→ Task instructions
How do the lines below between the ones holding "10) rack shelf at [933, 474, 988, 515]" and "16) traffic cone at [74, 0, 119, 32]", inclusive, read? Give them again exactly, with no other lines.

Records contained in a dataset
┄┄┄┄┄┄

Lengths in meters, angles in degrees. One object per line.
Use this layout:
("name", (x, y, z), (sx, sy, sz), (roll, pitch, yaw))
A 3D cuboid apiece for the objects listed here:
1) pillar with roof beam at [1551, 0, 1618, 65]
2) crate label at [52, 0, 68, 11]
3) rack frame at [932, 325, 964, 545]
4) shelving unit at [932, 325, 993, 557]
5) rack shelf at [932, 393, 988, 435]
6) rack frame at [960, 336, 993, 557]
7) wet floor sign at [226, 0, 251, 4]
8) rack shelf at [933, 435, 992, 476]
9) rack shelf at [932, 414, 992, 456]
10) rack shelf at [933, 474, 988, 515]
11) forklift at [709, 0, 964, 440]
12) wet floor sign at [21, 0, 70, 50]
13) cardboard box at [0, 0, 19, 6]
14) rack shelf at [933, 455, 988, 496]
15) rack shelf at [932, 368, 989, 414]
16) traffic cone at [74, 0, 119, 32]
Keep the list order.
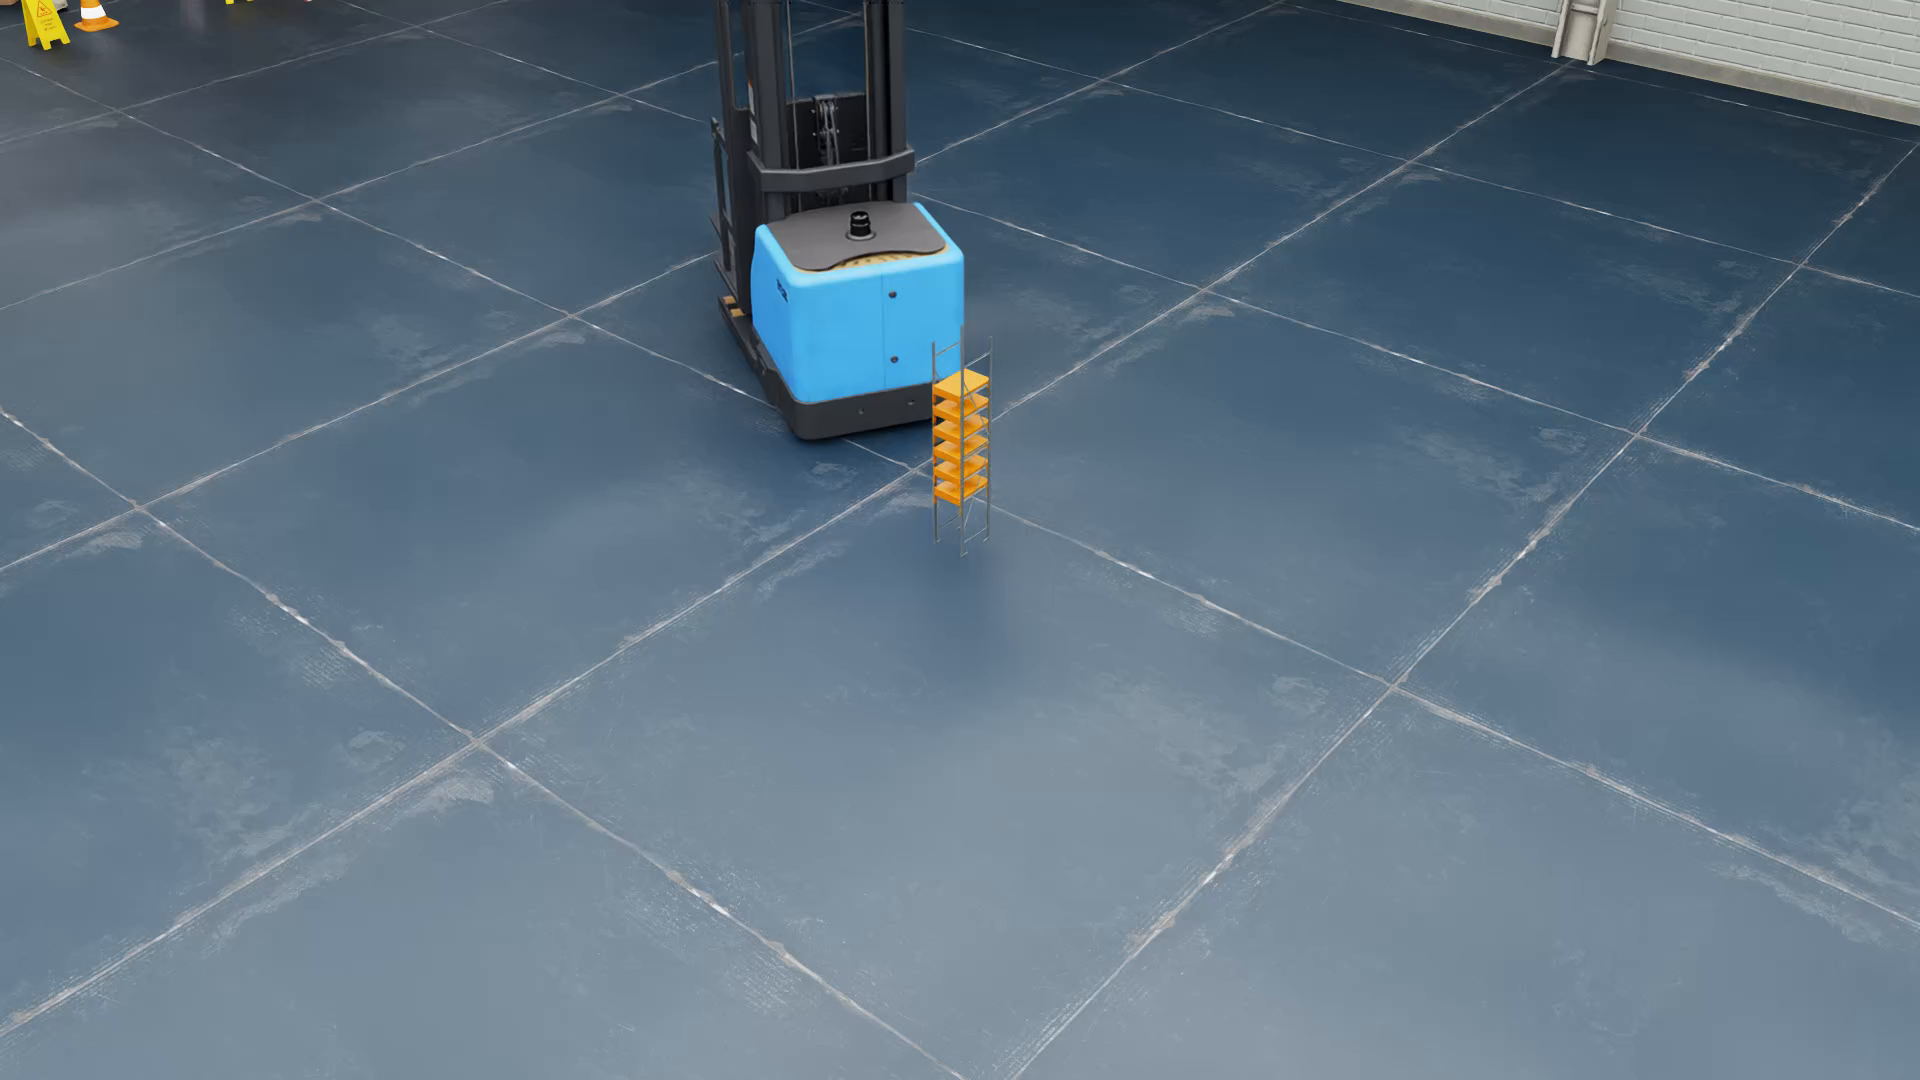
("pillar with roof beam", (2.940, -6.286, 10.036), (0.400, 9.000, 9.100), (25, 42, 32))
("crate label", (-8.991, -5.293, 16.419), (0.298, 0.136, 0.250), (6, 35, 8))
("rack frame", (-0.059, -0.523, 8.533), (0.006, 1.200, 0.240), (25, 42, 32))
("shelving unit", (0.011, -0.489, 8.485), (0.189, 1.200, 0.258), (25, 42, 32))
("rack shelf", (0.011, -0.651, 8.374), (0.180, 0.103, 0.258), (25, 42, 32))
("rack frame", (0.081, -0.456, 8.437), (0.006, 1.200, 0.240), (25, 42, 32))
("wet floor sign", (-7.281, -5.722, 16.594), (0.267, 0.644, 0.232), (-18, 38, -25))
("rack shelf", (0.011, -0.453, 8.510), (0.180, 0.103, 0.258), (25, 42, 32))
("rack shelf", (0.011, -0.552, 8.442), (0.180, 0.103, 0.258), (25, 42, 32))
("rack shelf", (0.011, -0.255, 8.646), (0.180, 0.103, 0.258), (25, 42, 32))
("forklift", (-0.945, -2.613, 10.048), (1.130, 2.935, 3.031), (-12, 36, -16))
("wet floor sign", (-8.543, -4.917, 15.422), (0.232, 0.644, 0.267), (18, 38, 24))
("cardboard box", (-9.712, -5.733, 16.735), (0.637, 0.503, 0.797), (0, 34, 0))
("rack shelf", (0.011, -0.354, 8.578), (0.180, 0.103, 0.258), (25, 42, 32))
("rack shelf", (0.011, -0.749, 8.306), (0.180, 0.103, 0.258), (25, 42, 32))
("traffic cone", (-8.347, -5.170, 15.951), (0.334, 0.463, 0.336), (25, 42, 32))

┄┄┄┄┄┄

→ Answer to this task
10) rack shelf at [933, 474, 988, 515]
11) forklift at [709, 0, 964, 440]
12) wet floor sign at [21, 0, 70, 50]
13) cardboard box at [0, 0, 19, 6]
14) rack shelf at [933, 455, 988, 496]
15) rack shelf at [932, 368, 989, 414]
16) traffic cone at [74, 0, 119, 32]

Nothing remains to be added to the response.